So I start singing to her. I sing – of all things – Amazing Grace! I spend 20 minutes singing to Zorra as she stands at the door and gradually relaxes. As I’m singing, I also realize that I am clearing all the manky energetic residue from the trailer and it’s past inhabitants as well.
Can you imagine ANY hired hauler standing there, tapping his watch, as I SING my horse into the trailer?? This is one of the reasons why my herd has insisted I stop abdicating this piece and get in the driver’s seat (literally!).
After the singing, I go back to miming STEP and tapping her on the leg. I alternate one leg, then the other. Then I think, “You know what would really help her out, is to SEE someone stepping up into the trailer.” I feel Montaro would be a good candidate for this job.
So I unclip Zorra’s lead rope and leave her to eat grass around the yard while I go get Montaro. I tell Montaro that I promise I will not be applying any pressure to his head as I know that really hurt yesterday and I know he’s completely fed up with that.
He eats grass as we meander our way up to the trailer. I hop in the trailer and show him the hay – and feed him a few mouthfuls. Then I let him have some feed out of the tub and then do the same as I did with Zorra. He watches me pour some feed in the middle of the trailer and then I put the feed tub in the far corner, under the hay net.
Interestingly, Zorra has come to stand right beside him. She is actually giving up the opportunity to graze in order to watch Montaro’s trailer session up-close!
Within 5 minutes – with zero pressure on the lead rope, I am squatted down, just beckoning with my hand and pointing at the feed mound on the floor – Montaro steps with 2 feet into the trailer. Effusive praise from me as I give him the handful of feed. He then pulls back and gets off – I am careful to not let him feel any resistance from the rope as he pulls back and off.
I feel, “Yep. We’re done. That’s enough for today.” I let him eat a bit of grass on the way back to the field. But I figure I shouldn’t make trailer training sessions about eating grass, so I let him stop only a few times.

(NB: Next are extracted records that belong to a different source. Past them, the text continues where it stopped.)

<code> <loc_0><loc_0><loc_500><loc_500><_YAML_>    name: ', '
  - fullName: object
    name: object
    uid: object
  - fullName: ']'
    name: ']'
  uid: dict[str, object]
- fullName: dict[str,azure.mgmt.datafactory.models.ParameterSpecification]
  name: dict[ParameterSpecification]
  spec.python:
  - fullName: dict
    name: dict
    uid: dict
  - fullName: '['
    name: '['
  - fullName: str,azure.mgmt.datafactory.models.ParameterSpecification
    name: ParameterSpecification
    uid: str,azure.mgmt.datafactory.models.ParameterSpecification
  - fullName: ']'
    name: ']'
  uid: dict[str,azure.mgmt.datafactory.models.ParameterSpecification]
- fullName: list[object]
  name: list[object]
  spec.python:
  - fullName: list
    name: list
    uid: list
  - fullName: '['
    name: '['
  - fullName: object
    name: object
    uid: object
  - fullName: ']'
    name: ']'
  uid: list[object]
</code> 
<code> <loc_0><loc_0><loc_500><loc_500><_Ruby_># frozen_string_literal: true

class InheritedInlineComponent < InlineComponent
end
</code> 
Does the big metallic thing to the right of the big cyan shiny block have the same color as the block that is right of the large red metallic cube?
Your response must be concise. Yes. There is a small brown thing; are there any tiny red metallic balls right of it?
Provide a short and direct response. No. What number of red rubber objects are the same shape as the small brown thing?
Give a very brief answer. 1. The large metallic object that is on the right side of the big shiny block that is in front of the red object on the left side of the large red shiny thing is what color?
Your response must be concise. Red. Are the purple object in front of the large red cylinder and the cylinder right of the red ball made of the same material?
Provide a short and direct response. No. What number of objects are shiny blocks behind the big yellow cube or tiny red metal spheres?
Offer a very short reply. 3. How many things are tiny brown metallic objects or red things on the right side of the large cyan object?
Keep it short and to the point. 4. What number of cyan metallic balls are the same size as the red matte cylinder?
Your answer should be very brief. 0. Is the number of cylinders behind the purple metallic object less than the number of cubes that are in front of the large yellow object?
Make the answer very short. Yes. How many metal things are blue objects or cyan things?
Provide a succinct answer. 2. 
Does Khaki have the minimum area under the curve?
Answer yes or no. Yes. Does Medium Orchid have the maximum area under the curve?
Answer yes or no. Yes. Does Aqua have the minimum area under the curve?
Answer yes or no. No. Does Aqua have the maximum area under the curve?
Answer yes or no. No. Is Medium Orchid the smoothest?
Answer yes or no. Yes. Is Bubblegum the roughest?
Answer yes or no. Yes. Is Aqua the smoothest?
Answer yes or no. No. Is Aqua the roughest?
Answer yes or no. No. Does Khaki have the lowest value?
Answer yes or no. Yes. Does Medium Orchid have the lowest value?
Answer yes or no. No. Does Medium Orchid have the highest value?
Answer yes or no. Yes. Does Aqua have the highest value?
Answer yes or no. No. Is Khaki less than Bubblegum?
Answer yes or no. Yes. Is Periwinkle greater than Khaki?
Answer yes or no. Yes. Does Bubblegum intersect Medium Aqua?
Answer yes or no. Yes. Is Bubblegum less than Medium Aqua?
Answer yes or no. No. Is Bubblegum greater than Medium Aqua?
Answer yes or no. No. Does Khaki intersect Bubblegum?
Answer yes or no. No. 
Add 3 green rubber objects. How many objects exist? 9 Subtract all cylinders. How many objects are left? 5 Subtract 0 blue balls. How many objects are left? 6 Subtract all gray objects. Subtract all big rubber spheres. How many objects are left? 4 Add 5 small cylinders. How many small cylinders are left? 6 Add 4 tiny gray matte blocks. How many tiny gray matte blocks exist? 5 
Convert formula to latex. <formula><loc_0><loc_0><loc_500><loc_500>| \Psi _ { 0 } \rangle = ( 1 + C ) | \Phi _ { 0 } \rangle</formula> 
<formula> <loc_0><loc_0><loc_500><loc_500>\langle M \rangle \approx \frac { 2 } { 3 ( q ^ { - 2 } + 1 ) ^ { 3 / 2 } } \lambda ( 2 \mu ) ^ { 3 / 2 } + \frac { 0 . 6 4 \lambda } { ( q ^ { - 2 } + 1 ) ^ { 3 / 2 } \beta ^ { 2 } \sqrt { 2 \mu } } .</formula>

Is There a Place for Pressure?
I then clip the lead rope back onto Zorra’s halter and bring her over to the trailer again. As I ask her to STEP, I now feel I need to add a bit more ‘ask’ (what? pressure??!). I question my motivation – am I really feeling correctly into what Zorra needs, or am I just impatient or fed up?
I ponder, how can I add the tiniest amount of pressure possible that is still a clear ‘ask’? So – believe it or not – I move to the pressure-release technique. If I were to guess, I would estimate I’m adding about 1 lb of pressure to the lead rope. Only enough to ask her to come forward, not enough to stop her from pulling back. If she moves to pull back I tell her – going firmly against the dictates of the pressure-release method – that I will release the rope immediately.
She does not pull back at any time and over the next 10 minutes I use the pressure-release method (well, my variation of it) to ask her to step up with one leg. I am holding the rope in one hand and with the other hand I am beckoning to her to come forward. I ask her from one side, and then the other. I am also miming stepping up with my legs, first one and then the other, while laser beaming my gaze at her leg and visualizing her stepping up onto the trailer deck.
She takes a step forward, I release the lead rope and praise her verbally and with scratches. Now she has both legs right up against the lip of the trailer deck. She cannot go any further without stepping up onto the trailer deck. She lifts her foot up off the ground and I release the rope, praise her effusively, and give her a mouthful of feed.
And then everything stalls. I’m ‘asking’ via the rope, beckoning with my hand, visualizing her stepping up into the trailer… nothing works.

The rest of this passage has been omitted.